4/  We are aware that the Federal government has promulgated a conflict of interest law.  See 18 U.S.C. §201 et. seq.  In promulgating G.L c. 268A, which is modeled after the federal scheme, Massachusetts has enacted its own conflict law to protect the integrity of public employees from conflicting activities during and after leaving public service.  The Massachusetts statute serves important state interests, just as the Federal conflict law preserves the integrity of Federal officials and employees during and after their federal service.  You have pointed to nothing in the federal scheme, however, (and we have found nothing) which amounts to a clear expression that the federal government has acted to preempt the entire field in this area. 

5/  We point out that you have previously received both written and oral advice from this Commission regarding the existence and scope of G.L c. 268A, §5 as it relates to these and other post-state employment activities. 

6/  "Participate," participate in agency action or in a particular matter personally and substantially as a state, county or municipal employee, through approval, disapproval, decision, recommendation, the rendering of advice, investigation or otherwise. G.L c. 268A, §1(j). 

7/  You tell us that the EPA "will need to address a number of outfall issues in the Boston Harbor case during the coming year."  However, because you have not given us specific facts concerning these issues, our advice with regard to them, of necessity, is general in nature. 

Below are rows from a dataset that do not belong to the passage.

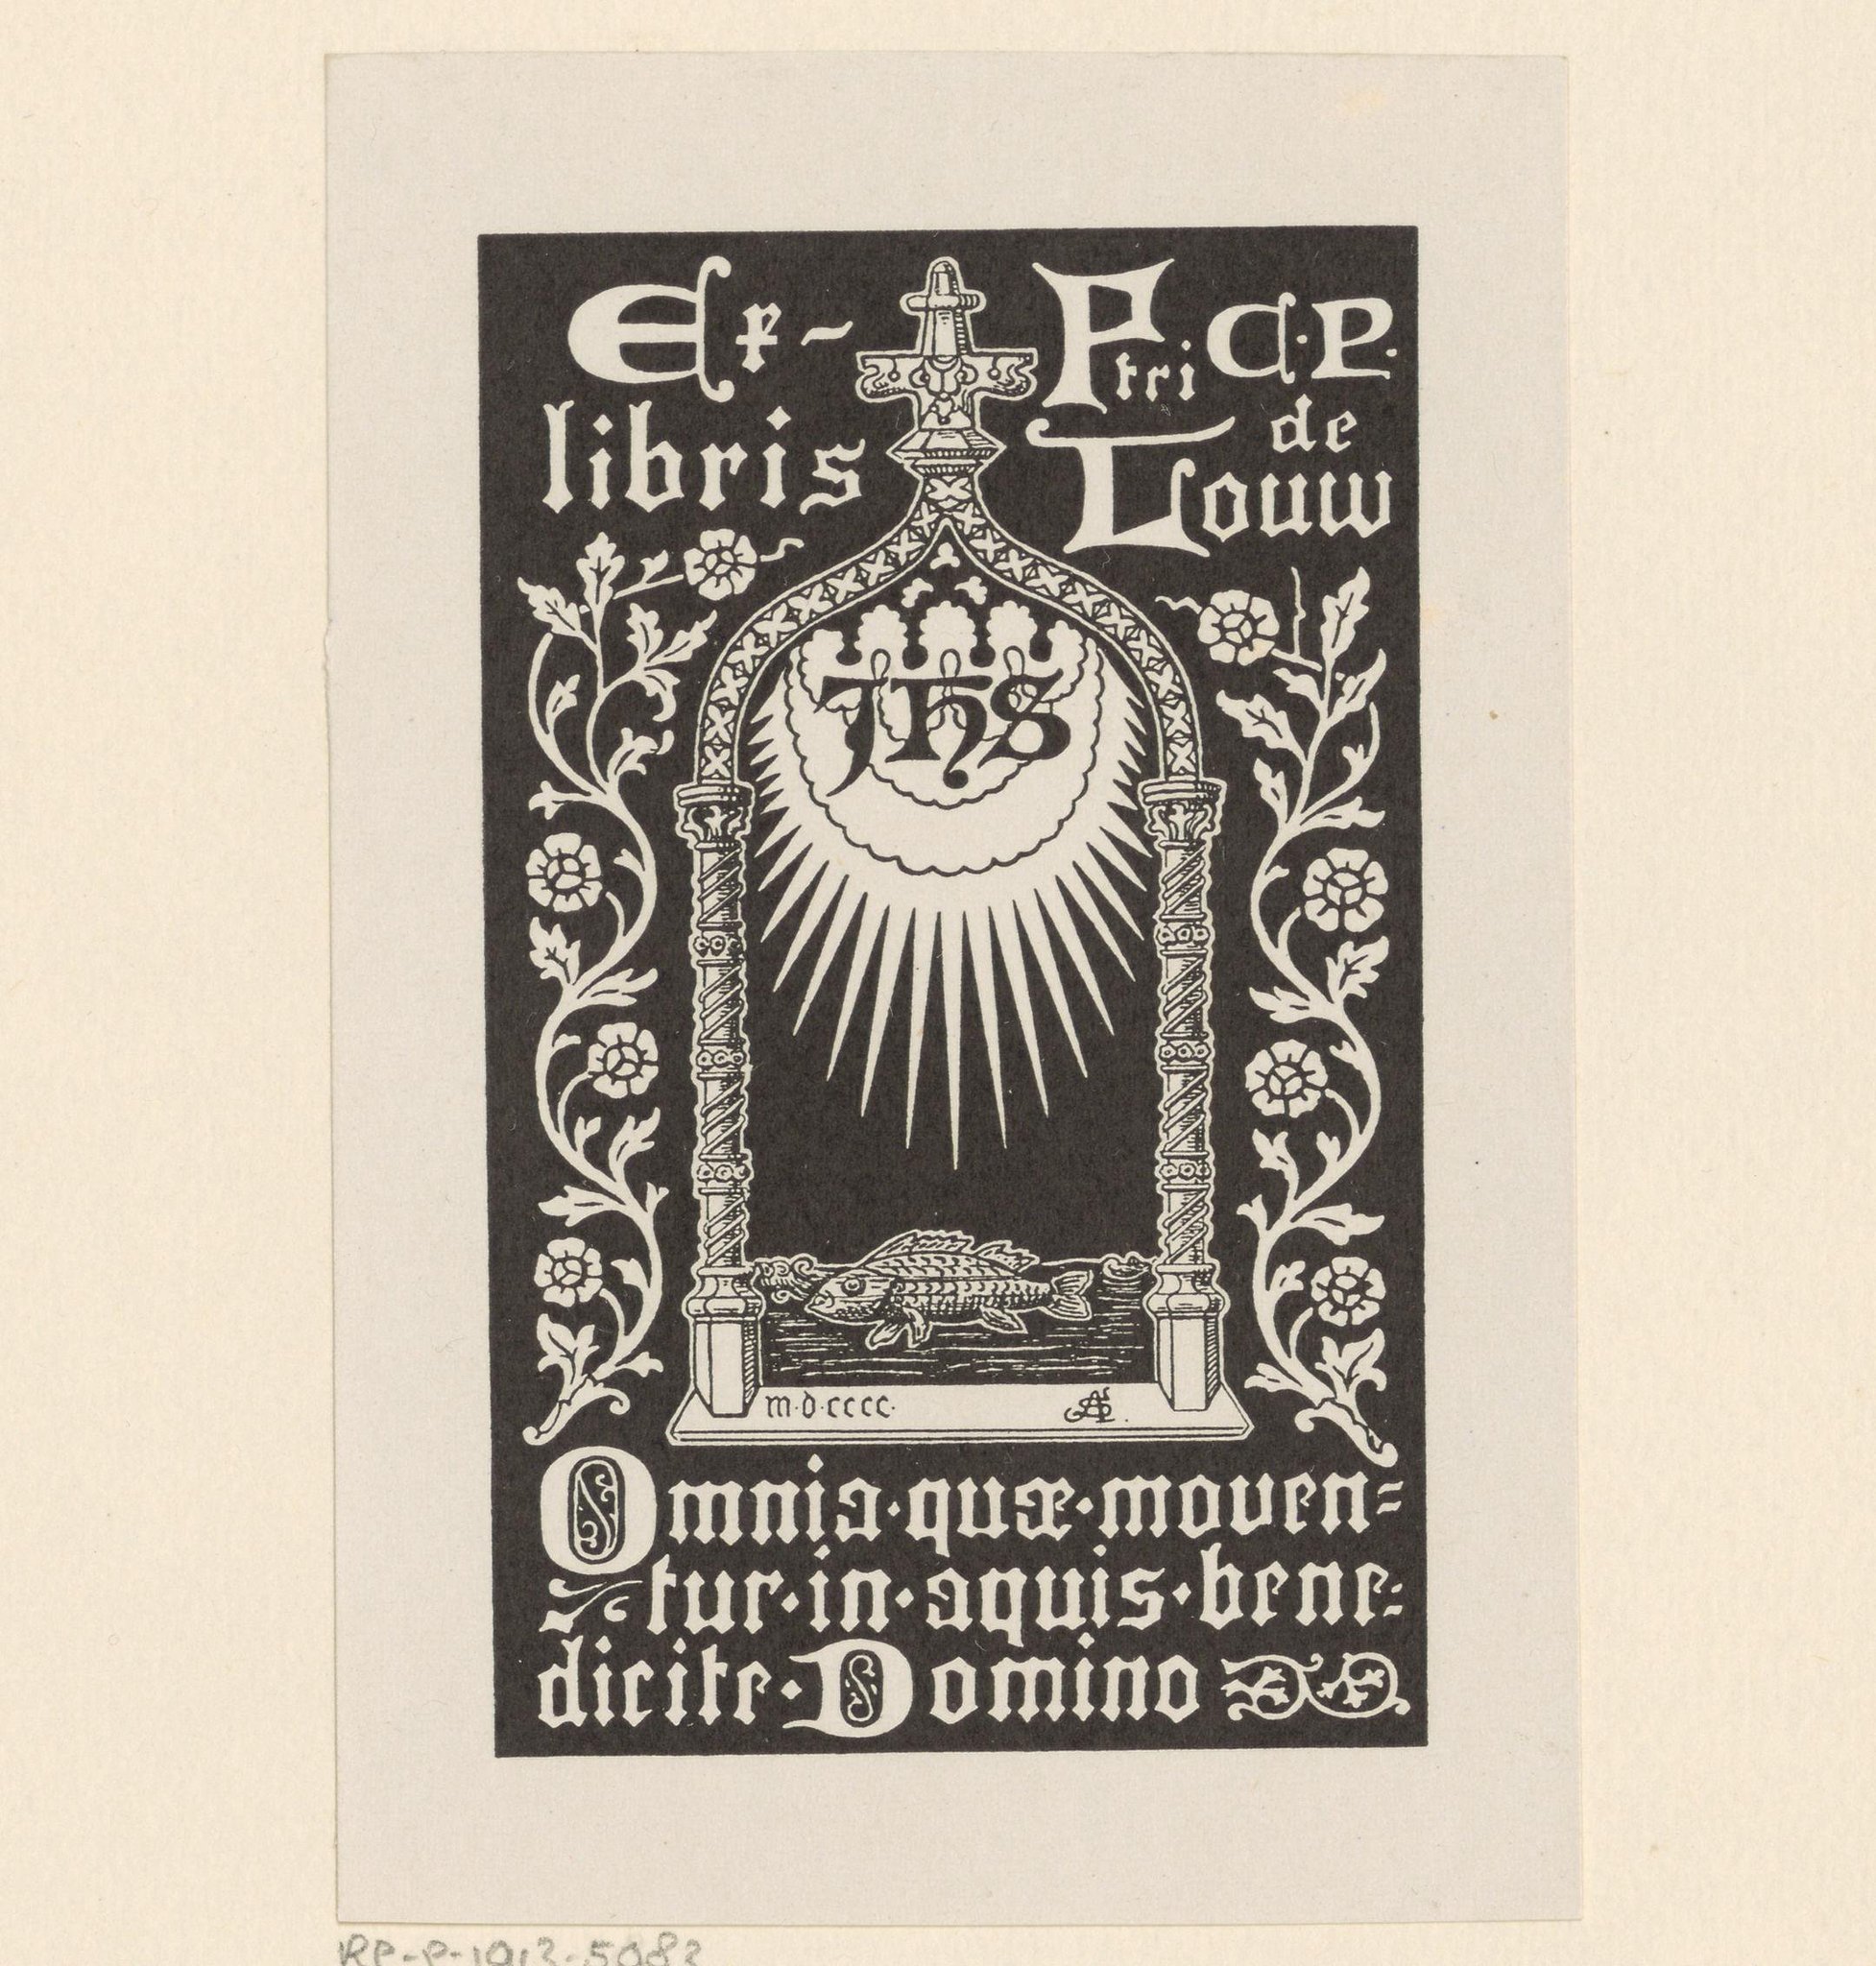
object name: bookplate
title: Ex libris van P.C.P. de Louw
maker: august hendrik sassen
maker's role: print maker
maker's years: 1853-1913
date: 1900
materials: paper
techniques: printing block
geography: netherlands
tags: ihs ('iesus hominum salvator') ~ symbol of christ, fishes
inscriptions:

8/  We also note that you were the Chairman of the MWRA during the May 23, 1990 meeting at which Professor Harleman's theories were discussed.  The Supreme Judicial Court has held that "to preside" over a matter is "to participate" for purposes of G.L c. 268A.  Graham, supra, 370 Mass. at 138.  Thus, if you presided over that meeting by "recogniz[ing] people to speak on the matter in question, determin[ing] the order of speakers, cut[ting] off debate or the remarks of any individual speaker, or refus[ing] to recognize someone," you will be deemed to have participated in the discussion and vote, if any, that the MWRA pursue its investigation of Professor Harleman's claims.  Matter of John Hickey, 1983 SEC 158, 159. 

9/  In so finding, we presume that the rate setting determinations by the MWRA have not been subject to review by the federal court. 

10/  Our view that §5 is applicable to a former state employee's subsequent employment by the federal government is buttressed by our examination of the legislative history of 18 U.S.C. §207, on which §5 is modeled.  As originally enacted in 1962, § 207 prohibited a former federal employee from acting as agent or attorney (i.e., representing, advising, etc.) for anyone other than the United States, in a matter in which the United States was a party or had a direct and substantial interest, and in which the former federal employee had participated personally and substantially while in federal service.  The breadth of the prior § 207 prohibition has been interpreted by commentators and by the U.S. Office of Government Ethics to include a former federal employee's representation of a state or local government.  See Note, Developments--Conflict of Interest in the Legal Profession, 94 Harv. L. Rev. 1244, 1434 n.88 (1988; see also 5 C.F.R. § 2637.101(c)(5).  Although § 207 has since been amended (in 1989) to permit certain acts of a former federal employee "done in carrying out officials duties as an employee of an agency or instrumentality of a state or local government," 18 U.S.C. § 207(j)(2), General Laws c. 268A, § 5 has not been similarly amended.  We conclude, therefore, that absent state legislative action to the contrary, § 5 is applicable in situations such as this one.